• The problem:
Would you retype exactly the lines below, starting with the one that has "Which states hav the highest value in the MidWest?" and going on through the one that has "Short answer required. 0.6%-<1.0%.", with no pictures and nothing else?

• Supplied material:
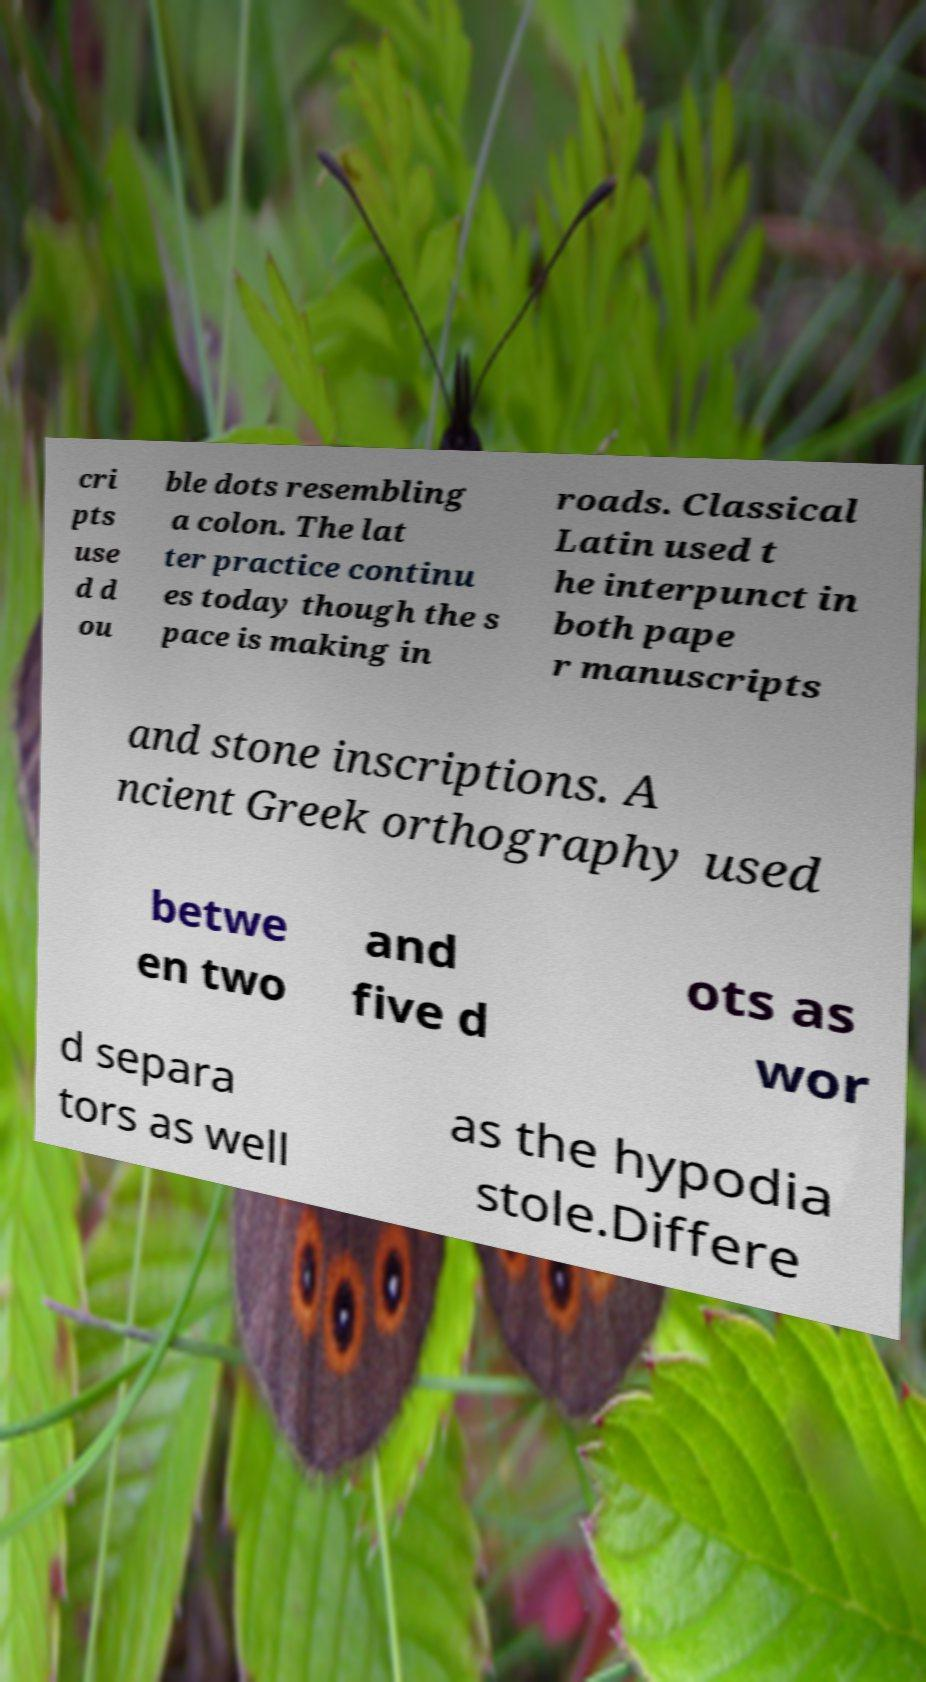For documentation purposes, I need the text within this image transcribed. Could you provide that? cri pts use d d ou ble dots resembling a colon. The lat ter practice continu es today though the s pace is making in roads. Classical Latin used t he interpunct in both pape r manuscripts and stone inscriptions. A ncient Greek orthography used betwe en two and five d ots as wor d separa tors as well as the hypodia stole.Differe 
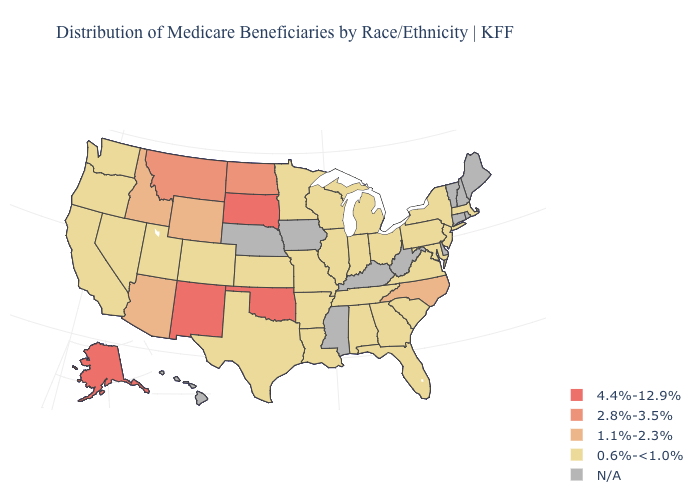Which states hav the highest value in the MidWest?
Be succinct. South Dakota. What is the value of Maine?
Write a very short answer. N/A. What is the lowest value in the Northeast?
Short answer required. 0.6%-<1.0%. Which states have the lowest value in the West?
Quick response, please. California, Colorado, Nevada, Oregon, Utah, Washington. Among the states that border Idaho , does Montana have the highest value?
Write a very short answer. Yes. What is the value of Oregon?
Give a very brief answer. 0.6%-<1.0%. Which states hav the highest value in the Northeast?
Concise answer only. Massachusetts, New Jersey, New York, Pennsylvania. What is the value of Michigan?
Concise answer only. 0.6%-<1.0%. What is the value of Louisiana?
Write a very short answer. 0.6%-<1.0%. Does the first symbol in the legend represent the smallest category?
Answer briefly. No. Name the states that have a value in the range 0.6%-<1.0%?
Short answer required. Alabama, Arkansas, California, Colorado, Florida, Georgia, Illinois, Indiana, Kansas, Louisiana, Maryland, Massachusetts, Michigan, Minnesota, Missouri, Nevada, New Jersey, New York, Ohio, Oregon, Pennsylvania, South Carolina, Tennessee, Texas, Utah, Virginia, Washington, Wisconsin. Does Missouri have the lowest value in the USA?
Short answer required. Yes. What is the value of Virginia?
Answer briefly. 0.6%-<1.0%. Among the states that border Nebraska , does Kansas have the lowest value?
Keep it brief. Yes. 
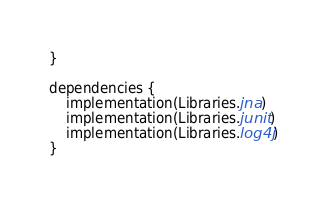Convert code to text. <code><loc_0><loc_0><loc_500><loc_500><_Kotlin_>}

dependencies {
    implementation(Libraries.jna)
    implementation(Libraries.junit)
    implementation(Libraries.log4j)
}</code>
---
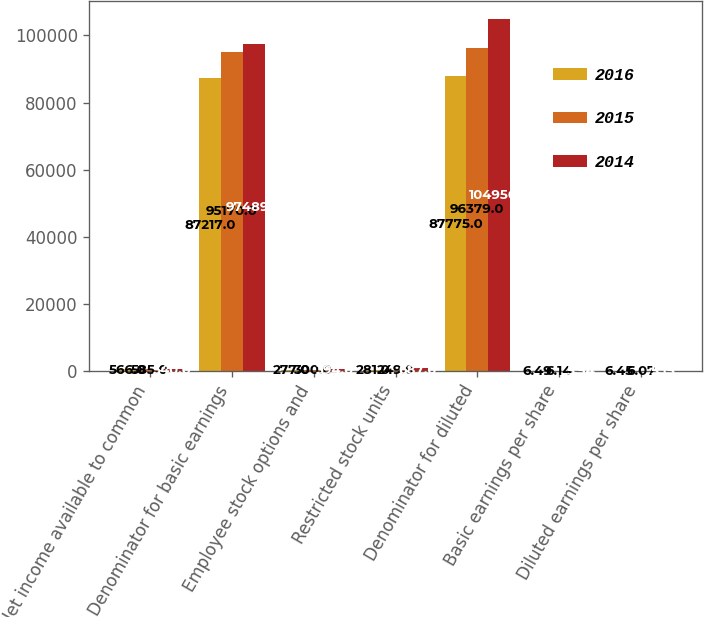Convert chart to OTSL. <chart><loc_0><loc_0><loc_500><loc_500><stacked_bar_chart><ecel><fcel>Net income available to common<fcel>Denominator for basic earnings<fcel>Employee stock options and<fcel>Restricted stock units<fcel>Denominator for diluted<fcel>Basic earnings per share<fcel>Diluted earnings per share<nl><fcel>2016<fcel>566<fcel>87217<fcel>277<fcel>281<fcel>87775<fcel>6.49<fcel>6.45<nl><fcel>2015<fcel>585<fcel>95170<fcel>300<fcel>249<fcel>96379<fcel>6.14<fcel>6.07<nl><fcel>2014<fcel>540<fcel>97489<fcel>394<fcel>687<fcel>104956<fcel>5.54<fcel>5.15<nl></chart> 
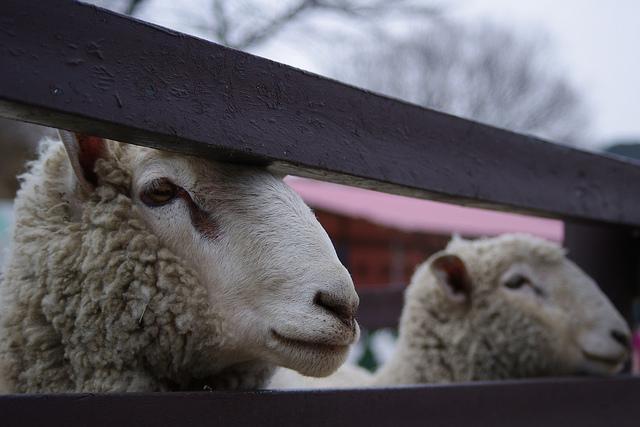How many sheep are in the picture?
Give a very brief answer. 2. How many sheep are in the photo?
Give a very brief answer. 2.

• Result of this exercise:
Which states hav the highest value in the MidWest?
Be succinct. South Dakota. What is the value of Maine?
Write a very short answer. N/A. What is the lowest value in the Northeast?
Short answer required. 0.6%-<1.0%. Which states have the lowest value in the West?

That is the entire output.